• Source data:
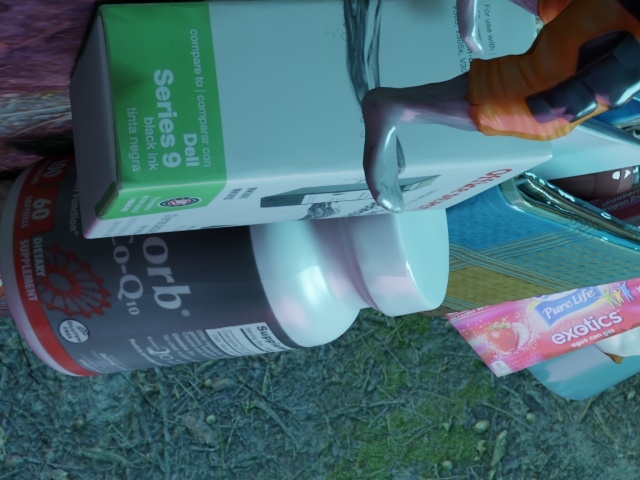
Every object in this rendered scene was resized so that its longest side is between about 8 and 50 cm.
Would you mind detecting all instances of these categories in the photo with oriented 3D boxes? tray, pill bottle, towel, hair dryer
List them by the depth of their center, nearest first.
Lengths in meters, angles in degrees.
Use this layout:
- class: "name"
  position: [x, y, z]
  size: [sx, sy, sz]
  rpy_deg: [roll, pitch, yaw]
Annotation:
- class: "pill bottle"
  position: [-0.082, -0.001, 1.154]
  size: [0.362, 0.210, 0.210]
  rpy_deg: [-10, 173, 19]
- class: "tray"
  position: [0.203, -0.087, 1.159]
  size: [0.145, 0.030, 0.270]
  rpy_deg: [-8, 174, 30]
- class: "towel"
  position: [0.151, 0.013, 1.360]
  size: [0.271, 0.040, 0.370]
  rpy_deg: [19, 158, -36]
- class: "hair dryer"
  position: [0.274, -0.074, 1.429]
  size: [0.293, 0.080, 0.223]
  rpy_deg: [0, 173, -32]

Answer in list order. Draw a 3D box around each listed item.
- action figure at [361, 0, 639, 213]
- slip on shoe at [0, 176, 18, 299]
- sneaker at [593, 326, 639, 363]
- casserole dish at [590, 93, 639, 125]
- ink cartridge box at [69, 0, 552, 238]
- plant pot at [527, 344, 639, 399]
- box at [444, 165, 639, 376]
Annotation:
- class: "action figure"
  position: [0.162, -0.116, 0.606]
  size: [0.330, 0.179, 0.341]
  rpy_deg: [-17, -166, 33]
- class: "slip on shoe"
  position: [-0.341, 0.007, 1.405]
  size: [0.101, 0.123, 0.331]
  rpy_deg: [-7, 170, -33]
- class: "sneaker"
  position: [0.470, 0.079, 1.634]
  size: [0.290, 0.123, 0.106]
  rpy_deg: [-24, -151, 39]
- class: "casserole dish"
  position: [0.216, -0.126, 1.117]
  size: [0.114, 0.037, 0.188]
  rpy_deg: [-11, 173, 32]
- class: "ink cartridge box"
  position: [-0.015, -0.083, 0.891]
  size: [0.289, 0.122, 0.211]
  rpy_deg: [-5, 174, -16]
- class: "plant pot"
  position: [0.417, 0.052, 1.840]
  size: [0.293, 0.293, 0.235]
  rpy_deg: [1, 157, -47]
- class: "box"
  position: [0.315, 0.031, 1.621]
  size: [0.300, 0.154, 0.142]
  rpy_deg: [-25, 120, 32]

• Task to carry out: Please, from the material above, copy only the lines from the line with "rpy_deg: [roll, pitch, yaw]" up to and including the line with "- box at [444, 165, 639, 376]", exactly as written.

• Task answer:
  rpy_deg: [roll, pitch, yaw]
Annotation:
- class: "pill bottle"
  position: [-0.082, -0.001, 1.154]
  size: [0.362, 0.210, 0.210]
  rpy_deg: [-10, 173, 19]
- class: "tray"
  position: [0.203, -0.087, 1.159]
  size: [0.145, 0.030, 0.270]
  rpy_deg: [-8, 174, 30]
- class: "towel"
  position: [0.151, 0.013, 1.360]
  size: [0.271, 0.040, 0.370]
  rpy_deg: [19, 158, -36]
- class: "hair dryer"
  position: [0.274, -0.074, 1.429]
  size: [0.293, 0.080, 0.223]
  rpy_deg: [0, 173, -32]

Answer in list order. Draw a 3D box around each listed item.
- action figure at [361, 0, 639, 213]
- slip on shoe at [0, 176, 18, 299]
- sneaker at [593, 326, 639, 363]
- casserole dish at [590, 93, 639, 125]
- ink cartridge box at [69, 0, 552, 238]
- plant pot at [527, 344, 639, 399]
- box at [444, 165, 639, 376]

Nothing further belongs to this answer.